# [AIM OF THE TASK]
Transcribe the records that follow. Keep every word exactly, and drop the pictures.

[Data excerpts]
================

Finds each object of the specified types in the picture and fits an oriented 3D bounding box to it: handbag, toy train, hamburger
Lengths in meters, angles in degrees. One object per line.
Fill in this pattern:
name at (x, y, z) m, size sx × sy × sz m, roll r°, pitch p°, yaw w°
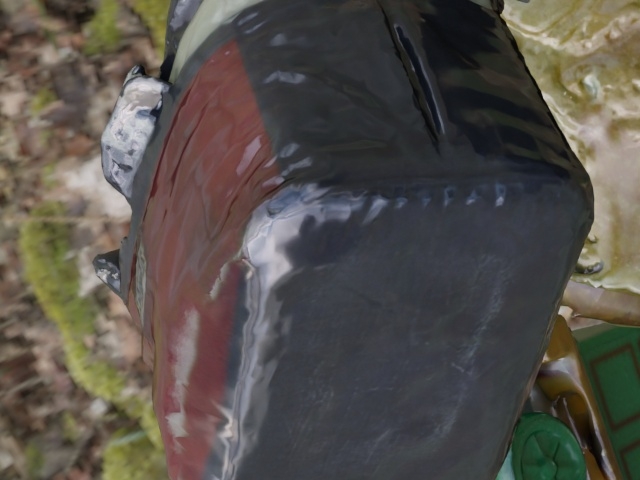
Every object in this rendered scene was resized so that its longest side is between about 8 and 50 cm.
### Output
handbag at (0.000, 0.000, 0.752) m, size 0.181 × 0.181 × 0.254 m, roll -5°, pitch 136°, yaw -14°
toy train at (0.193, 0.223, 1.356) m, size 0.178 × 0.249 × 0.429 m, roll -18°, pitch 91°, yaw 49°
hamburger at (0.218, -0.080, 1.097) m, size 0.265 × 0.134 × 0.285 m, roll 1°, pitch 102°, yaw 11°

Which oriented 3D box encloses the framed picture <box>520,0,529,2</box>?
framed picture at (0.101, -0.179, 0.731) m, size 0.011 × 0.149 × 0.109 m, roll 16°, pitch 126°, yaw -2°

================

# [SOLVED EXERCISE]
Finds each object of the specified types in the picture and fits an oriented 3D bounding box to it: handbag, toy train, hamburger
Lengths in meters, angles in degrees. One object per line.
Fill in this pattern:
name at (x, y, z) m, size sx × sy × sz m, roll r°, pitch p°, yaw w°
Every object in this rendered scene was resized so that its longest side is between about 8 and 50 cm.
### Output
handbag at (0.000, 0.000, 0.752) m, size 0.181 × 0.181 × 0.254 m, roll -5°, pitch 136°, yaw -14°
toy train at (0.193, 0.223, 1.356) m, size 0.178 × 0.249 × 0.429 m, roll -18°, pitch 91°, yaw 49°
hamburger at (0.218, -0.080, 1.097) m, size 0.265 × 0.134 × 0.285 m, roll 1°, pitch 102°, yaw 11°

Which oriented 3D box encloses the framed picture <box>520,0,529,2</box>?
framed picture at (0.101, -0.179, 0.731) m, size 0.011 × 0.149 × 0.109 m, roll 16°, pitch 126°, yaw -2°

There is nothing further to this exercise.